Надежда Константиновна посмотрела на часы.
— Ого! Не пора ли…
— «Не пора ль, Пантелей, постыдиться людей…» — продекламировала Наталья Богдановна.
— Да, да, — подхватил Ленин, — «…и с молитвой за дело приняться. Промотал хомуты, промотал лошадей…» С удовольствием примусь за дело! Спать, спать! И сколько угодно!
Все дружно поднялись из-за стола.
— А я хотела предложить немножко другое, — сказала Крупская. — Если бы Иосиф Федорович и мы с тобой, Володя, сумели собрать самое необходимое за два часа, мы бы уже сегодня уехали в Стирсудден к Лиде и спать могли бы там. Лидия просто изнемогает от желания угостить нас оленьим окороком.

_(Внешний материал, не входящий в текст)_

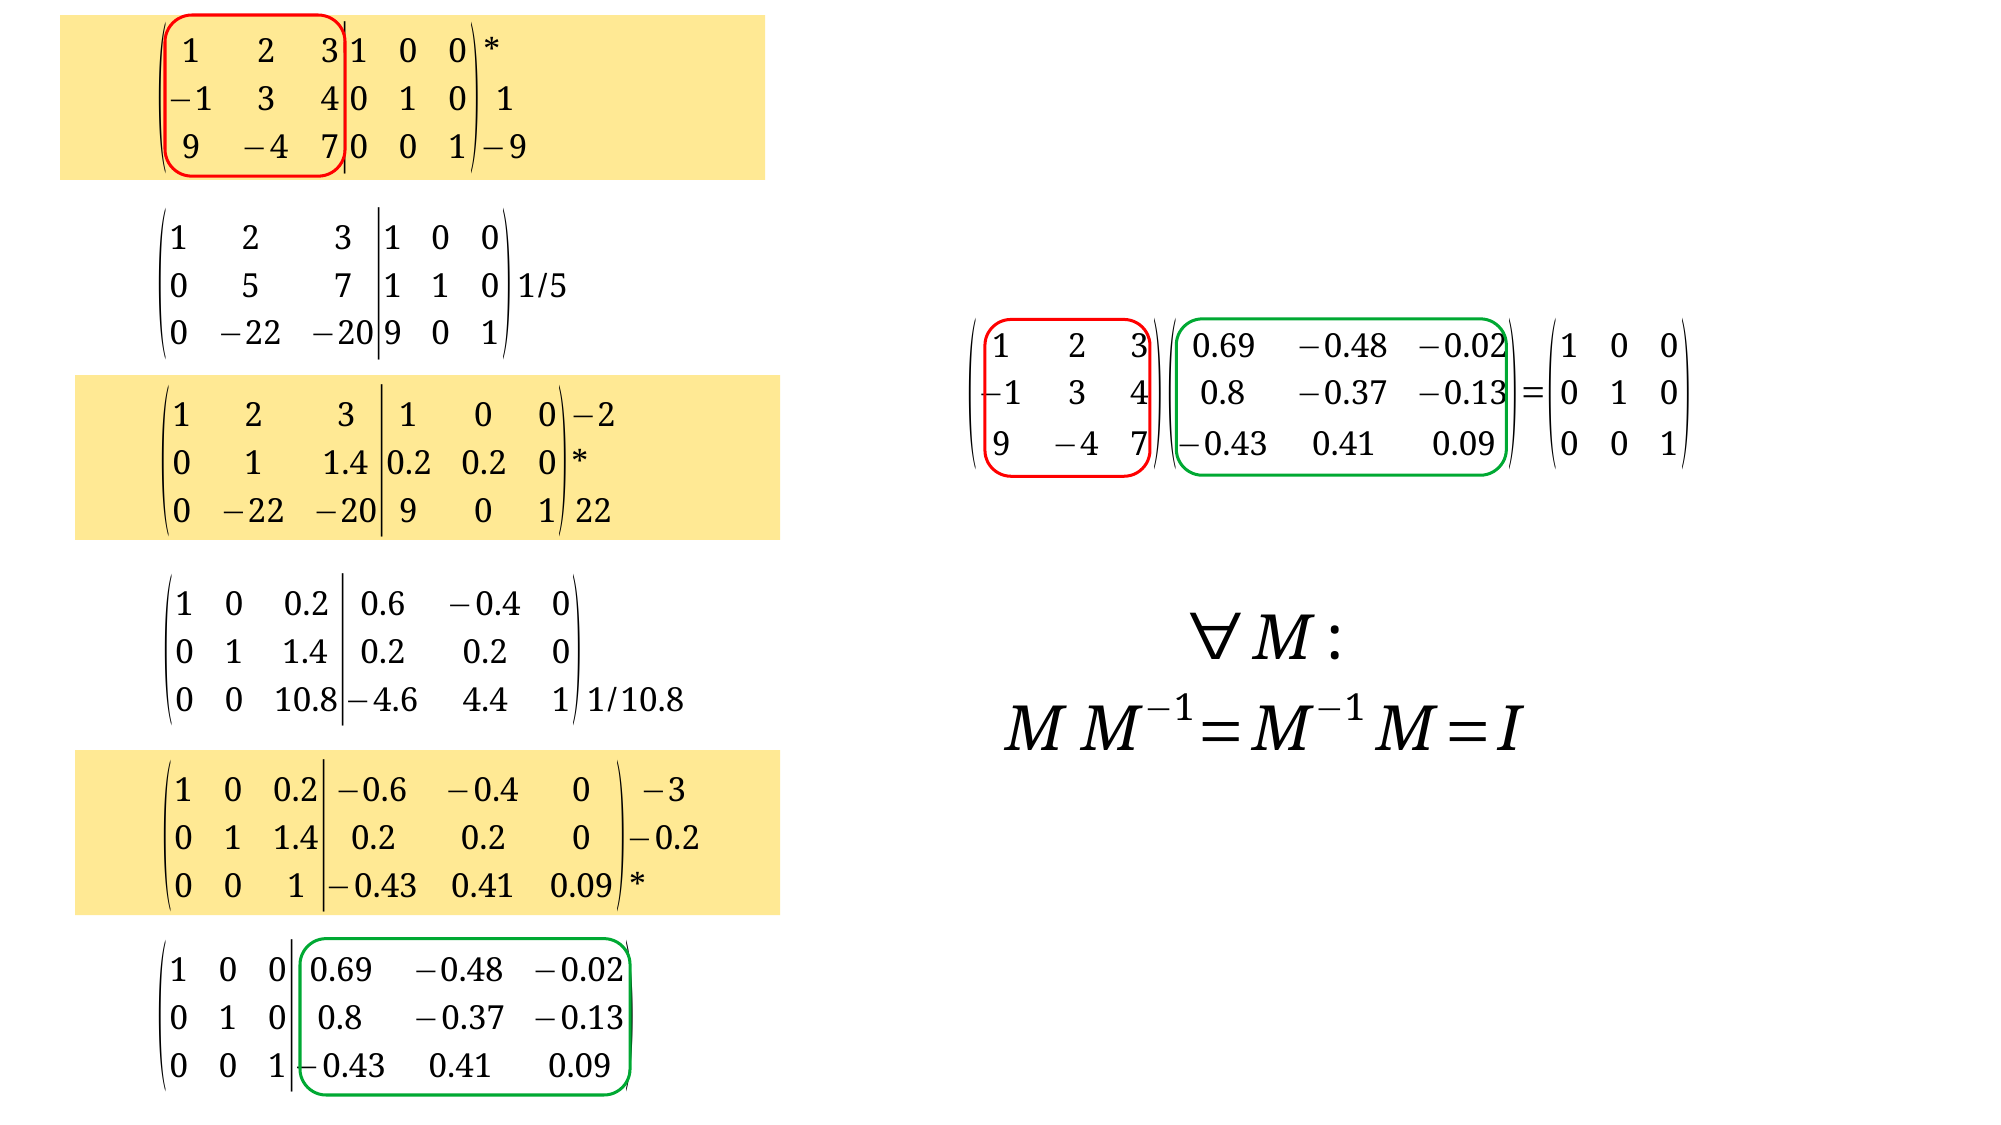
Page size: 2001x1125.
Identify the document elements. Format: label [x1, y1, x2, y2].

chart [960, 314, 1697, 471]
chart [1179, 321, 1504, 471]
chart [614, 938, 643, 1096]
chart [150, 938, 316, 1096]
text_box [75, 750, 781, 916]
chart [302, 941, 628, 1093]
chart [987, 321, 1148, 471]
chart [995, 592, 1711, 829]
text_box [60, 15, 766, 180]
chart [150, 19, 182, 177]
chart [155, 758, 706, 916]
chart [328, 19, 533, 177]
chart [156, 572, 691, 729]
chart [153, 383, 622, 540]
chart [150, 206, 575, 363]
chart [167, 19, 343, 174]
text_box [75, 375, 781, 540]
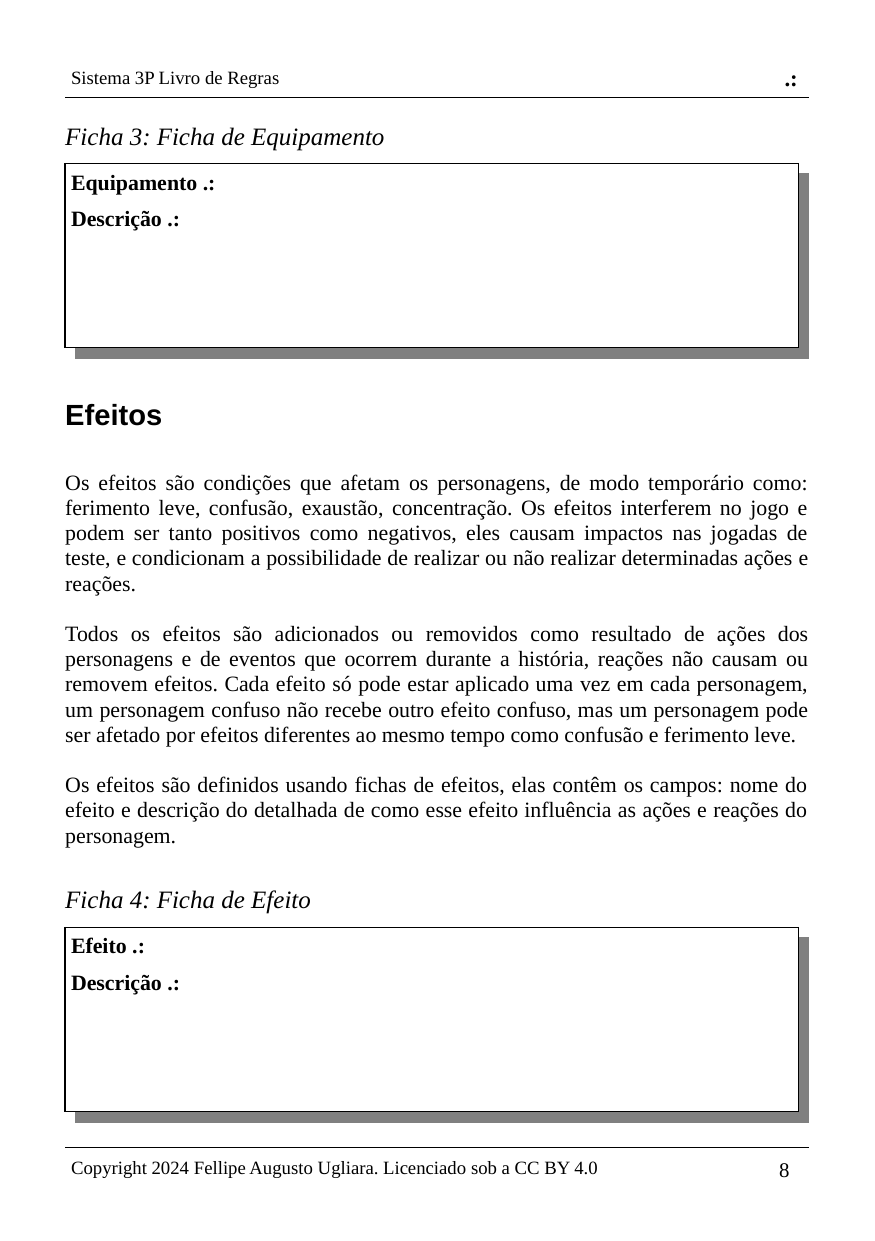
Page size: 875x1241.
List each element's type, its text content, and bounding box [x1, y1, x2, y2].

table_cell [66, 1075, 798, 1111]
text Ficha 4: Ficha de Efeito [65, 886, 809, 914]
table_header [234, 164, 798, 201]
text Ficha 3: Ficha de Equipamento [65, 122, 809, 150]
table_cell [66, 1001, 798, 1038]
table_cell Descrição .: [66, 965, 196, 1001]
table_cell [66, 274, 798, 311]
table_cell [66, 1038, 798, 1074]
table_header [157, 928, 798, 964]
table_cell [66, 237, 798, 274]
table_header Efeito .: [66, 928, 157, 964]
subtitle Efeitos [65, 398, 809, 432]
table_cell Descrição .: [66, 201, 196, 237]
table_cell [196, 201, 798, 237]
text Todos os efeitos são adicionados ou removidos como resultado de ações dos personagens e de eventos que ocorrem durante a história, reações não causam ou removem efeitos. Cada efeito só pode estar aplicado uma vez em cada personagem, um personagem confuso não recebe outro efeito confuso, mas um personagem pode ser afetado por efeitos diferentes ao mesmo tempo como confusão e ferimento leve. [65, 621, 809, 747]
text Os efeitos são definidos usando fichas de efeitos, elas contêm os campos: nome do efeito e descrição do detalhada de como esse efeito influência as ações e reações do personagem. [65, 772, 809, 848]
table_cell [66, 311, 798, 347]
table_header Equipamento .: [66, 164, 234, 201]
text Os efeitos são condições que afetam os personagens, de modo temporário como: ferimento leve, confusão, exaustão, concentração. Os efeitos interferem no jogo e podem ser tanto positivos como negativos, eles causam impactos nas jogadas de teste, e condicionam a possibilidade de realizar ou não realizar determinadas ações e reações. [65, 470, 809, 596]
table_cell [196, 965, 798, 1001]
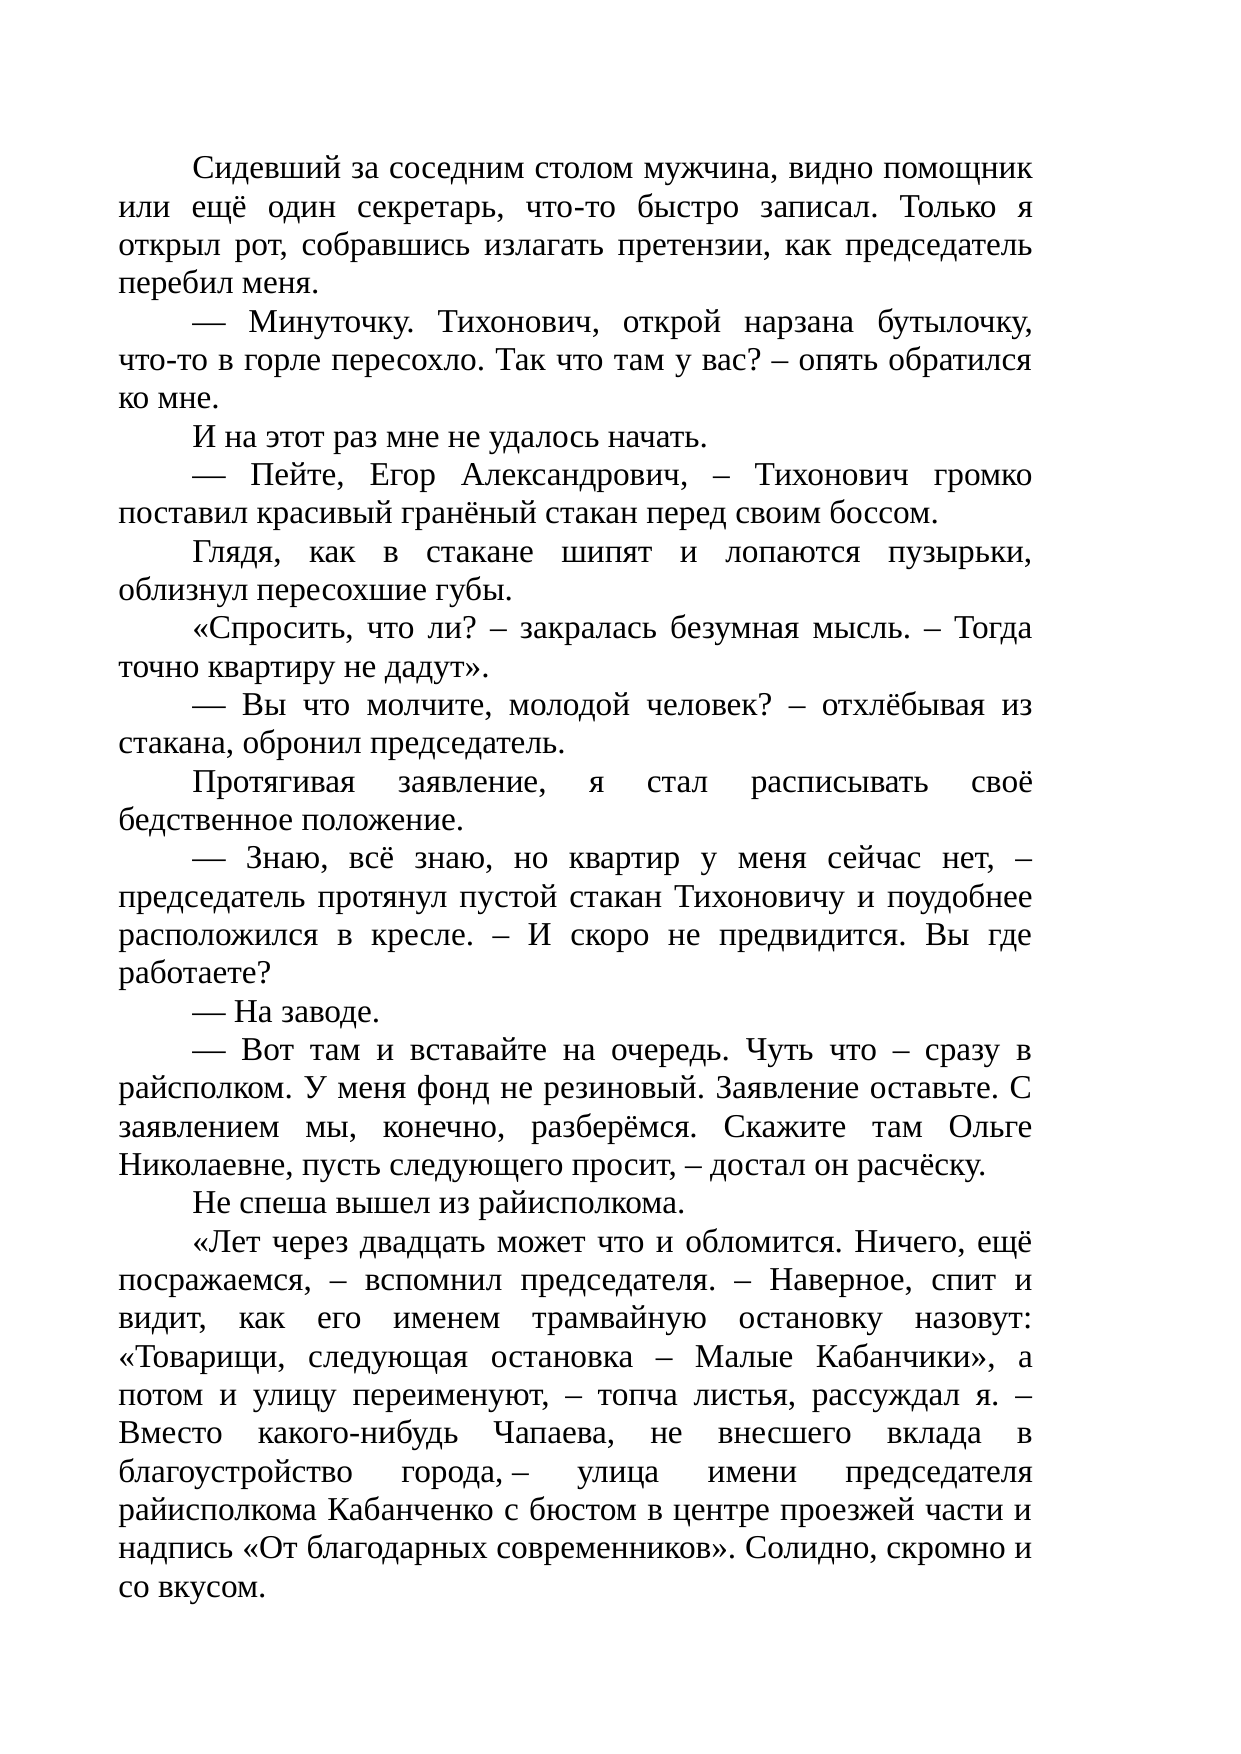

— Вот как? — несколько озадаченный, проговорил Ленин. — Разумеется, собраться за два часа нетрудно; когда надо, я умею собираться за пятнадцать минут. И поехать к Лидии Михайловне — превеликая радость. Но почему все же такая спешка?
— Женский каприз, — смеясь, сказала Крупская.
— Объяснение не годится, Надюша, — сказал Владимир Ильич.
— Ну тогда — необходимость.
— Это лучше, — заметил Дубровинский, — хотя и хуже.
Надежда Константиновна коротко рассказала о своем разговоре с молочницей.
— Гм, гм!.. — Ленин прищурился. — Ерунда! Серьезной опасности не вижу! Взять нас здесь — руки коротки! Хотя нет, разумеется, и причин тянуть, отказываться от свежего оленьего окорока. Вы как думаете, Александр Александрович?
— Полностью поддерживаю Надежду Константиновну, — заявил Богданов. — Уезжайте. Немедленно уезжайте. Сегодня у полиции руки коротки, завтра они могут вырасти. Или мы не знаем российской действительности?
— Черт возьми! Но Куоккала — удобнейшее место для связи с Питером! — сказал Ленин, расхаживая по комнате.
— Вы не можете, Иосиф Федорович не может, а мне пока ничто не мешает появляться даже в Петербурге, — проговорил Богданов. — В Куоккала для связи с Петербургом останусь я и Наташа.
Ленин еще походил, повторяя свое: «Гм! Гм!» Остановился. Наотмашь повел рукой:
— Едемте! Но это не бегство в испуге, это поездка на отдых. Вы готовы к такой поездке, Иосиф Федорович?
— Да, — ответил Дубровинский. — Времени, назначенного Надеждой Константиновной для сборов, мне больше чем достаточно. Только, кажется, Надежда Константиновна ошибается. Через два часа проходит поезд в сторону Петербурга, а не Гельсингфорса.
— Совершенно верно, — подтвердила Крупская. — Именно в сторону Петербурга.
И Ленин, смекнув, сразу же подхватил:
— Дорогой Иосиф Федорович, ну, разумеется, Надюша рассудила правильно! Коль ехать даже на отдых, так все равно обязательно соблюдать конспирацию. Да, да! Не только поэтому, но и поэтому, Наталья Богдановна, Александр Александрович, вы нам окажете честь — проводить до станции? И посадить — без «хвоста»! — в вагон.
— Проводим и отправим, — сказал Богданов. — Счастливого пути!